* What is expected:
Starting with the line that has "Numbers: x, y, z, sx, sy, sz, roll, pitch, yaw. Camera" in the records below and ending with the line that has "This view is", output those lines exactly and nothing more; omit the pictures.
====== Source data ======
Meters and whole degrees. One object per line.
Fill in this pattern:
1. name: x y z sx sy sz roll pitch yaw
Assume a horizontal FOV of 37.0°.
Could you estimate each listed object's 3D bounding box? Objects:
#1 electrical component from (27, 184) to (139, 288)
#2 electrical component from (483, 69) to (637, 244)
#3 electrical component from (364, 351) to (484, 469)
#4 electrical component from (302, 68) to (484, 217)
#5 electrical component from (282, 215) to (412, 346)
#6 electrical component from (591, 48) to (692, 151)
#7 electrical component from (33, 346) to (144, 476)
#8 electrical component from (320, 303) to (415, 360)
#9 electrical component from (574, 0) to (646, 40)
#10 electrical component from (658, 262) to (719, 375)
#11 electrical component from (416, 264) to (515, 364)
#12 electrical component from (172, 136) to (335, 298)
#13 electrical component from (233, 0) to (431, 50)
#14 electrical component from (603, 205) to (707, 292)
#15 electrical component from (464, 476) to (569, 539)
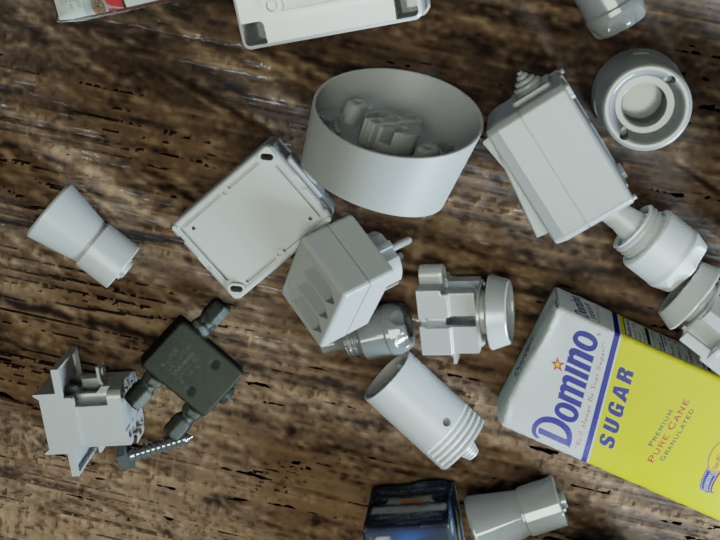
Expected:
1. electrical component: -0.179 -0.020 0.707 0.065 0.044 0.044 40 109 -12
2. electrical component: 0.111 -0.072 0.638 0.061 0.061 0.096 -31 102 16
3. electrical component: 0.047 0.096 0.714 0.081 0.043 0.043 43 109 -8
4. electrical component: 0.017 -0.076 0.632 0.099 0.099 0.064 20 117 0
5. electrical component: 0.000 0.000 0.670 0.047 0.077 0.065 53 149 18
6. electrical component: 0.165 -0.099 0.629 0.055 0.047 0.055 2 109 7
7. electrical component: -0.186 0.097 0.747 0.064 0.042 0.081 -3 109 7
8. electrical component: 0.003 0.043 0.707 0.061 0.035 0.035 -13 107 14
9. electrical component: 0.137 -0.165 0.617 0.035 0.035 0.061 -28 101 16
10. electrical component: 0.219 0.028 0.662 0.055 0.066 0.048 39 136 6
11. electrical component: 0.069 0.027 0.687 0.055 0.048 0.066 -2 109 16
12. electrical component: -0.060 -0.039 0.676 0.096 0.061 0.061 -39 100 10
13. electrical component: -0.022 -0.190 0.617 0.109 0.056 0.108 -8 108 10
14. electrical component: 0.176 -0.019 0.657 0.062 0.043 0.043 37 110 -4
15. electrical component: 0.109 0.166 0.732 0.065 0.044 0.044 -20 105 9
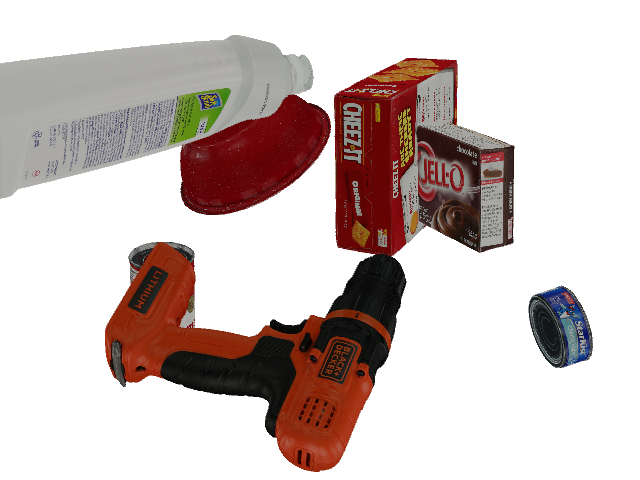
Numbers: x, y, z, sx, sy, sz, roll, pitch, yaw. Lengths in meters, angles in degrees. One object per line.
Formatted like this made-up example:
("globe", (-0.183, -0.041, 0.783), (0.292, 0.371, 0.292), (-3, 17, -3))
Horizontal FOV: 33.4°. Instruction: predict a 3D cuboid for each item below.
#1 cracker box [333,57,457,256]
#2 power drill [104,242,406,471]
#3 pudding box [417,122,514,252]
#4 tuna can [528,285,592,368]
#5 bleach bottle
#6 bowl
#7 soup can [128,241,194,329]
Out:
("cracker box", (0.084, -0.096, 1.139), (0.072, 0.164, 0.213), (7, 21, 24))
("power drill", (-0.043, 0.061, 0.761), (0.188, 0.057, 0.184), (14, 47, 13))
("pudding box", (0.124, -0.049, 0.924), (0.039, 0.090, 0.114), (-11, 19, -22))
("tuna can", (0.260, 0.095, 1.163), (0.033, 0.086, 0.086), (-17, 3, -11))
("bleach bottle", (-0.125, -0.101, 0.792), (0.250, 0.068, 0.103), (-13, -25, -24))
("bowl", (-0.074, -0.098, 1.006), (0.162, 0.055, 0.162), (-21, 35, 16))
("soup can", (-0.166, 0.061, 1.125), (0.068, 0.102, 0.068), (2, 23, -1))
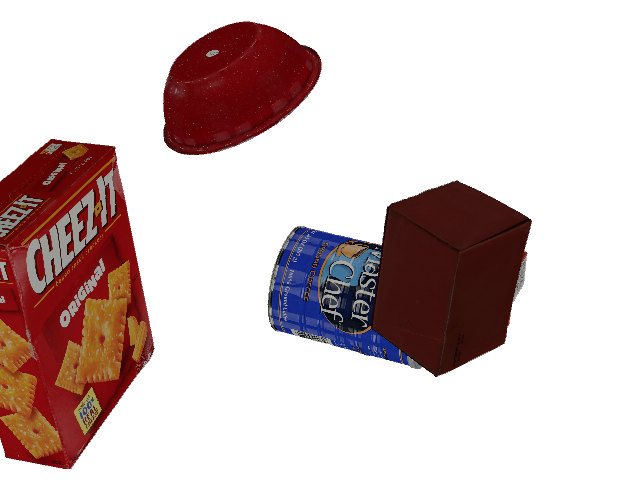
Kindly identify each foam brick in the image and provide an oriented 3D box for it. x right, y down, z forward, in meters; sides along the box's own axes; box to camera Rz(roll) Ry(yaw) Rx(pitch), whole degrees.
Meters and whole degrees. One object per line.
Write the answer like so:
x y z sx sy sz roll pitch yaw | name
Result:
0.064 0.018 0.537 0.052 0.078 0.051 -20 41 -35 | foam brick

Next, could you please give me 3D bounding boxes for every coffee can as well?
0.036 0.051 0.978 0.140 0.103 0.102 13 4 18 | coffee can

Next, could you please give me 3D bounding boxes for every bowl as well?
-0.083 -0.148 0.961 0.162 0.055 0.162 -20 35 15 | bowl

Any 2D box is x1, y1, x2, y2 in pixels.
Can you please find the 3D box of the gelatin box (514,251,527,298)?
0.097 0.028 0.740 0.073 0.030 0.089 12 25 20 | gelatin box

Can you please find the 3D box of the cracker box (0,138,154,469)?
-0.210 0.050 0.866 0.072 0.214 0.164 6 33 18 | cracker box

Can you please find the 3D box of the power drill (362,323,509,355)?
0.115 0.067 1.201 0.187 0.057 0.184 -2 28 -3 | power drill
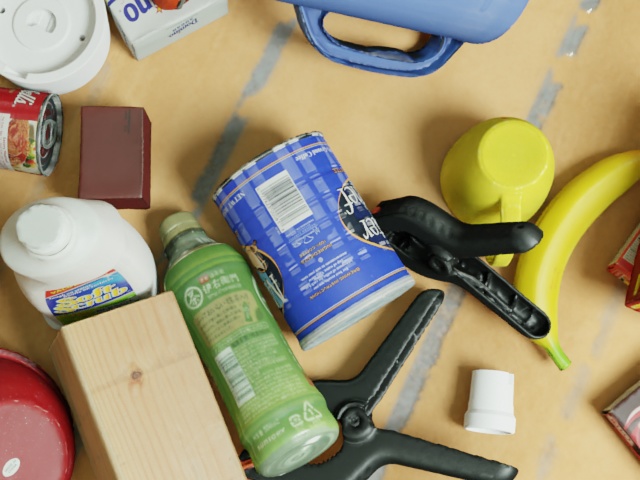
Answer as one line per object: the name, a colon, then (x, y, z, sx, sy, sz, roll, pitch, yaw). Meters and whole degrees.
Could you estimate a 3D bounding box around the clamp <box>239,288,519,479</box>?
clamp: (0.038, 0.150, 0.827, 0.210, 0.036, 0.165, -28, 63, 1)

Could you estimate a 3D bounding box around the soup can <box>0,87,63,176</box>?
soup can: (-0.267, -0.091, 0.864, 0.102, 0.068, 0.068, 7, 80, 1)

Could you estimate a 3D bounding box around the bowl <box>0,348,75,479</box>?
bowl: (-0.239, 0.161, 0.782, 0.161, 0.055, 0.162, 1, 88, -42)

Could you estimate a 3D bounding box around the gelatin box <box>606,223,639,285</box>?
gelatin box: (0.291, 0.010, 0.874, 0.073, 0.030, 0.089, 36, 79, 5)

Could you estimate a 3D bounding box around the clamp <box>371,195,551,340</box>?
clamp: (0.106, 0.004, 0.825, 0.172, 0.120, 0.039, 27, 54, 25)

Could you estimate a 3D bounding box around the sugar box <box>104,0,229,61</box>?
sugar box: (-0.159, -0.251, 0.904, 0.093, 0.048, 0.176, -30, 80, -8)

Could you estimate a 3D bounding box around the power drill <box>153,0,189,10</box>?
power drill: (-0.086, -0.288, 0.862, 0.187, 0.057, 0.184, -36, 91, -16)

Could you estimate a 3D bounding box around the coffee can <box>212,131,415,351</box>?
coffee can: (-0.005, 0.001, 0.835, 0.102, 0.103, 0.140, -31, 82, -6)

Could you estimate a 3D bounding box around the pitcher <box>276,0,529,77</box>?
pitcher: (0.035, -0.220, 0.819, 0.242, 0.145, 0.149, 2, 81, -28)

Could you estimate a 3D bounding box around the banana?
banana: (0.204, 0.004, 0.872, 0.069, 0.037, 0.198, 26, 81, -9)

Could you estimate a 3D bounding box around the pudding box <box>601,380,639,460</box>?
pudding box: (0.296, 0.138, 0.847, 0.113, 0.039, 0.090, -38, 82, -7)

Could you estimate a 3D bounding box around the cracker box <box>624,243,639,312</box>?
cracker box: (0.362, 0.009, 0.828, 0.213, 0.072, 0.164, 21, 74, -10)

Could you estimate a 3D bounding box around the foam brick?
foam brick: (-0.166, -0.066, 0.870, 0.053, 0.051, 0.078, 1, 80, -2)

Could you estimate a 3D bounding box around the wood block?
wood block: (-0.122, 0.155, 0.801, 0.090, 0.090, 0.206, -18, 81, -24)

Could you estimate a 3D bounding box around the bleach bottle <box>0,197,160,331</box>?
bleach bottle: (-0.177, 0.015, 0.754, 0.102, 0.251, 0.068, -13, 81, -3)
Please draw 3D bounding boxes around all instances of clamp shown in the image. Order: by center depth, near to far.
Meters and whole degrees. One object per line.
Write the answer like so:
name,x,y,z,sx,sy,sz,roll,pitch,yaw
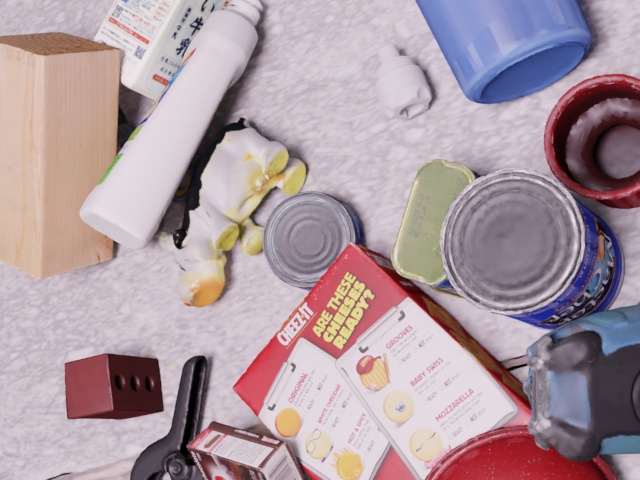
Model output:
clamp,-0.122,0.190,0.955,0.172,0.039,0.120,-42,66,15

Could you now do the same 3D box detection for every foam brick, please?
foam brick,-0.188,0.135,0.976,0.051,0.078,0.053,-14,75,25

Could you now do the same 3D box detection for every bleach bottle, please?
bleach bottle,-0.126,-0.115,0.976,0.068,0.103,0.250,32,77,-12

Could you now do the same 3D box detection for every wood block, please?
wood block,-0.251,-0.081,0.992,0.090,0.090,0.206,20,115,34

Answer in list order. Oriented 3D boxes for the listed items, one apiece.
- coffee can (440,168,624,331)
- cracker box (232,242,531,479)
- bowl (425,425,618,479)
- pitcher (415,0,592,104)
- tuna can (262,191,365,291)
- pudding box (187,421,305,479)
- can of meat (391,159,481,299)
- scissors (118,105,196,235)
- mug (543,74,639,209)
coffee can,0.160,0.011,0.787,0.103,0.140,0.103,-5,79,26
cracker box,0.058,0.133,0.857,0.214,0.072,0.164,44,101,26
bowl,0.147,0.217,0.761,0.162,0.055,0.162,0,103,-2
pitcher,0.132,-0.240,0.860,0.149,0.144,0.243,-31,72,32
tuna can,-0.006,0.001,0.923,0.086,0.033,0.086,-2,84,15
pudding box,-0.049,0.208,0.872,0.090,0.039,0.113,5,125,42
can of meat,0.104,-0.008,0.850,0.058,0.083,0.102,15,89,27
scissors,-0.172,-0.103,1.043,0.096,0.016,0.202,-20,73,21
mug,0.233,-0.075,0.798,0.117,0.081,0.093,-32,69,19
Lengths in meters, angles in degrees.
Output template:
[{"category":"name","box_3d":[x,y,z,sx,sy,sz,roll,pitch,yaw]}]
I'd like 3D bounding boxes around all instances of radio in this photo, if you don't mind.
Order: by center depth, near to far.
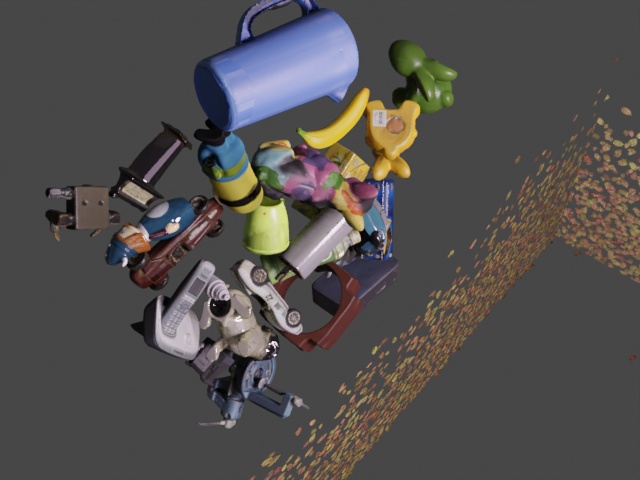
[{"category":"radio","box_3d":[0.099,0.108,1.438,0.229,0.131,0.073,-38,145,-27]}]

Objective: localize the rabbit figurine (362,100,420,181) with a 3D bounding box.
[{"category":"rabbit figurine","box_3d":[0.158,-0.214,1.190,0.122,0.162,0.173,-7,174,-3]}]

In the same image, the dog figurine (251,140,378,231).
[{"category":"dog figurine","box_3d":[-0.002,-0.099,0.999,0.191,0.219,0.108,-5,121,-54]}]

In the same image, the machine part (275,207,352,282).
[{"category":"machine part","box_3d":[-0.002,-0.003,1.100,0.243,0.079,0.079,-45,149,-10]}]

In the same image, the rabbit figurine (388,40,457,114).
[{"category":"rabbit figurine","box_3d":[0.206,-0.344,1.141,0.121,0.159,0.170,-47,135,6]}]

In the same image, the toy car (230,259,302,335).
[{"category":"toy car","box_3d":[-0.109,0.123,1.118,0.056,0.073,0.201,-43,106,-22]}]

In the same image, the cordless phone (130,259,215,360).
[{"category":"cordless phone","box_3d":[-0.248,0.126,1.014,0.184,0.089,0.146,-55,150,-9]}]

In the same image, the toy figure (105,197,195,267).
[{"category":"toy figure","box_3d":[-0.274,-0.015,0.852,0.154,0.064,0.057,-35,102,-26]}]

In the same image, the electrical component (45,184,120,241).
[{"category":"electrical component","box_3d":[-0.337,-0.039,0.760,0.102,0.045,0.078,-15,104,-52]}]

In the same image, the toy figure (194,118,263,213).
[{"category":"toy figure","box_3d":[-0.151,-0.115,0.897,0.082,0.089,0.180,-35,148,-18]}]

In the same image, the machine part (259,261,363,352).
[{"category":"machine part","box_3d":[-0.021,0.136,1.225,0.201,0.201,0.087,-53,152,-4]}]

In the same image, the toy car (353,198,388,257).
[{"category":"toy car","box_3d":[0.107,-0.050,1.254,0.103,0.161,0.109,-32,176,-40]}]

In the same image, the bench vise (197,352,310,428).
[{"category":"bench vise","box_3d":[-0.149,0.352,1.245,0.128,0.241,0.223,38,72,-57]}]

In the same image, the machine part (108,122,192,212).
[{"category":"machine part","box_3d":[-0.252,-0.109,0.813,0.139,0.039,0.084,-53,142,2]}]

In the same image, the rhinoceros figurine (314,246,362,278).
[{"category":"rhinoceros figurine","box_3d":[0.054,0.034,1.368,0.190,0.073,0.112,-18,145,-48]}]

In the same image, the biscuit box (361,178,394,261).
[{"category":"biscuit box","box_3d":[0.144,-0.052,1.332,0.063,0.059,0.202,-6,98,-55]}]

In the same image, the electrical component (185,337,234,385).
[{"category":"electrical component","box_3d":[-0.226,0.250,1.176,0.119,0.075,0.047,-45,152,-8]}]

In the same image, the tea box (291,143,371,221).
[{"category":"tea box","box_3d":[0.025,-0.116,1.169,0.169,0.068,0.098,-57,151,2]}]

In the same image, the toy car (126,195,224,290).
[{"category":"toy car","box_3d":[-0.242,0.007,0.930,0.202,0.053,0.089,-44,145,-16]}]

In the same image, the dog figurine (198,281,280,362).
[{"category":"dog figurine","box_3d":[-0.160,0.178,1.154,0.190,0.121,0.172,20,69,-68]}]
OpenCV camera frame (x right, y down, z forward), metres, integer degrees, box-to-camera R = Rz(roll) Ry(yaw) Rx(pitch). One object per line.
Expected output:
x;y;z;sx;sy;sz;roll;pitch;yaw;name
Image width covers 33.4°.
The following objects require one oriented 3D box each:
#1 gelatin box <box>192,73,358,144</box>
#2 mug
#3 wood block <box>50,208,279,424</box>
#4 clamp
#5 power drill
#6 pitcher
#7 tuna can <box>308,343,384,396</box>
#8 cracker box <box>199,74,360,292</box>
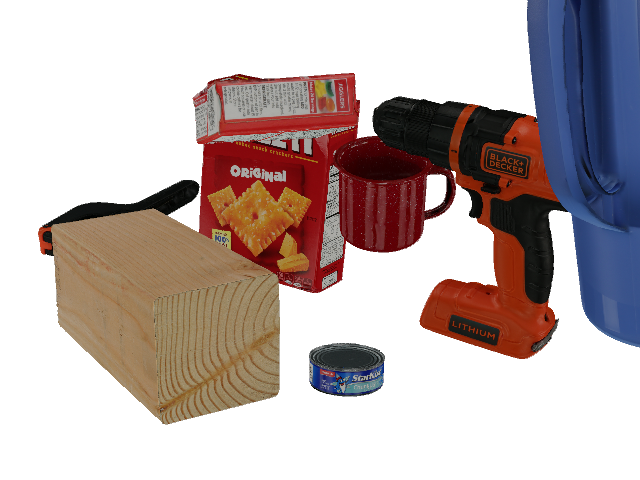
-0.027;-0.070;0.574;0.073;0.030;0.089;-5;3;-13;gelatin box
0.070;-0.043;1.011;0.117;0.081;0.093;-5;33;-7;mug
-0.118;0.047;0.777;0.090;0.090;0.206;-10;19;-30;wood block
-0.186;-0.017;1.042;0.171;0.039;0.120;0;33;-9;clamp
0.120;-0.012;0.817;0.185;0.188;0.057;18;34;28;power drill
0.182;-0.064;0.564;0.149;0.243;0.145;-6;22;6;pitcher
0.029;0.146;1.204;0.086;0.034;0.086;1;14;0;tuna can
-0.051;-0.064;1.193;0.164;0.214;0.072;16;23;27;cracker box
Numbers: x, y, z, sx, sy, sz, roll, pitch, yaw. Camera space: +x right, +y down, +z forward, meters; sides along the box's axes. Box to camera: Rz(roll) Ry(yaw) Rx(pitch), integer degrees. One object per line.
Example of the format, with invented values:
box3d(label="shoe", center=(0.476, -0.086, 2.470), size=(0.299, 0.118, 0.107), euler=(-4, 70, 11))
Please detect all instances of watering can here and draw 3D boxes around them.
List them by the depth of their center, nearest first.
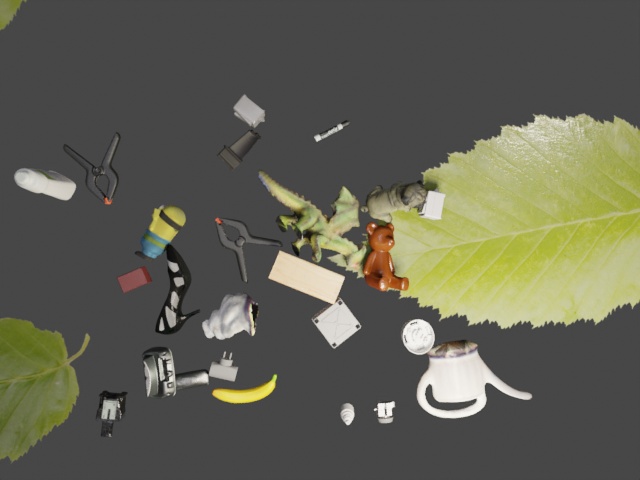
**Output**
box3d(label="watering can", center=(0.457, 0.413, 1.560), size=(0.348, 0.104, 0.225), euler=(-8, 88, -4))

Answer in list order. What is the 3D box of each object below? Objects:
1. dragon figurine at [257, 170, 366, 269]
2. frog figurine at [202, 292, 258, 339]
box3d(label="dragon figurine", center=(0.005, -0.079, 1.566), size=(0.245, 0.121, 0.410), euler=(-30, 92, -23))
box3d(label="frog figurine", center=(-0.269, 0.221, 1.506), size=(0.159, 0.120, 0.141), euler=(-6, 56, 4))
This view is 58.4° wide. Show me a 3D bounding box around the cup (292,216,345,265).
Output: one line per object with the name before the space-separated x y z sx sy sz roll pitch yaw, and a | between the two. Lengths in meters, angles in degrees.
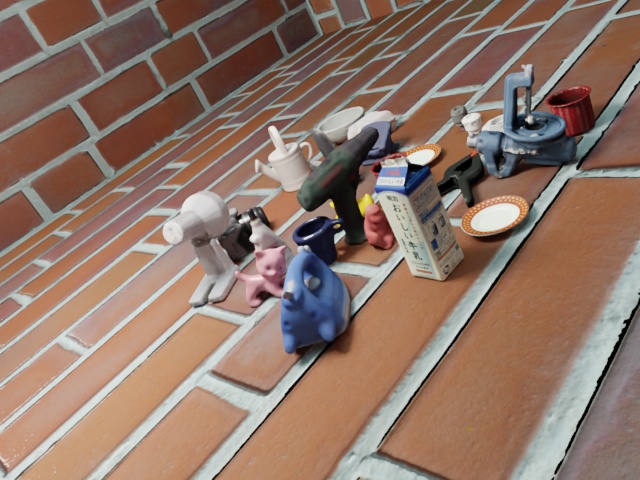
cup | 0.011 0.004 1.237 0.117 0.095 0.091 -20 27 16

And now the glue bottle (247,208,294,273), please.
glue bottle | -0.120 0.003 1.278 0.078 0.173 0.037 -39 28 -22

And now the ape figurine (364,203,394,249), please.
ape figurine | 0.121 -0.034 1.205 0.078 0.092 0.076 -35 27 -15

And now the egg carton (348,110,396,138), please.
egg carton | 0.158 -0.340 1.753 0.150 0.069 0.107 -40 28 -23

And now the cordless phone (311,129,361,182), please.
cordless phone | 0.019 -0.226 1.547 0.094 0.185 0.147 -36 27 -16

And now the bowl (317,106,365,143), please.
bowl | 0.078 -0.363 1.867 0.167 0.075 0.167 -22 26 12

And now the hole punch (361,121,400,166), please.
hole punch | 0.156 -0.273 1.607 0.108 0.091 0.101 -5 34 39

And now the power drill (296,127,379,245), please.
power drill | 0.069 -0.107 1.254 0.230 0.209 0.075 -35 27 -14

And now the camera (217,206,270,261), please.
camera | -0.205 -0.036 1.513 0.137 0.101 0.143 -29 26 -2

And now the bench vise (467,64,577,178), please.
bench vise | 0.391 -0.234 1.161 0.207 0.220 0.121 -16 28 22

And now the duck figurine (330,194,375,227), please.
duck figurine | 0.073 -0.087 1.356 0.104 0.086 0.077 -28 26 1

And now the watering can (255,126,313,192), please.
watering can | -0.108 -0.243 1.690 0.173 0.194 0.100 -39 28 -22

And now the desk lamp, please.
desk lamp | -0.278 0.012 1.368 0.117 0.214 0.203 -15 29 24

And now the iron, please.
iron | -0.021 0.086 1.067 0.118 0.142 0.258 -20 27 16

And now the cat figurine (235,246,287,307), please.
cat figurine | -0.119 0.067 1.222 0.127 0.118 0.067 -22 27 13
======
* Task solution:
Numbers: x, y, z, sx, sy, sz, roll, pitch, yaw. Camera space: +x right, +y down, +z forward, meters; sides along the box's axes. Box to camera: Rz(roll) Ry(yaw) Rx(pitch), integer degrees. One object per line.
Example of the format, with invented values:
box3d(label="shoe", center=(0.476, -0.086, 2.470), size=(0.299, 0.118, 0.107), euler=(-4, 70, 11))
Please detect all instances of watering can here and draw 3D boxes around them.
List them by the depth of their center, nearest first.
**Output**
box3d(label="watering can", center=(0.457, 0.413, 1.560), size=(0.348, 0.104, 0.225), euler=(-8, 88, -4))

Answer in list order. What is the 3D box of each object below? Objects:
1. dragon figurine at [257, 170, 366, 269]
2. frog figurine at [202, 292, 258, 339]
box3d(label="dragon figurine", center=(0.005, -0.079, 1.566), size=(0.245, 0.121, 0.410), euler=(-30, 92, -23))
box3d(label="frog figurine", center=(-0.269, 0.221, 1.506), size=(0.159, 0.120, 0.141), euler=(-6, 56, 4))
This view is 58.4° wide. Show me a 3D bounding box around the cup (292,216,345,265).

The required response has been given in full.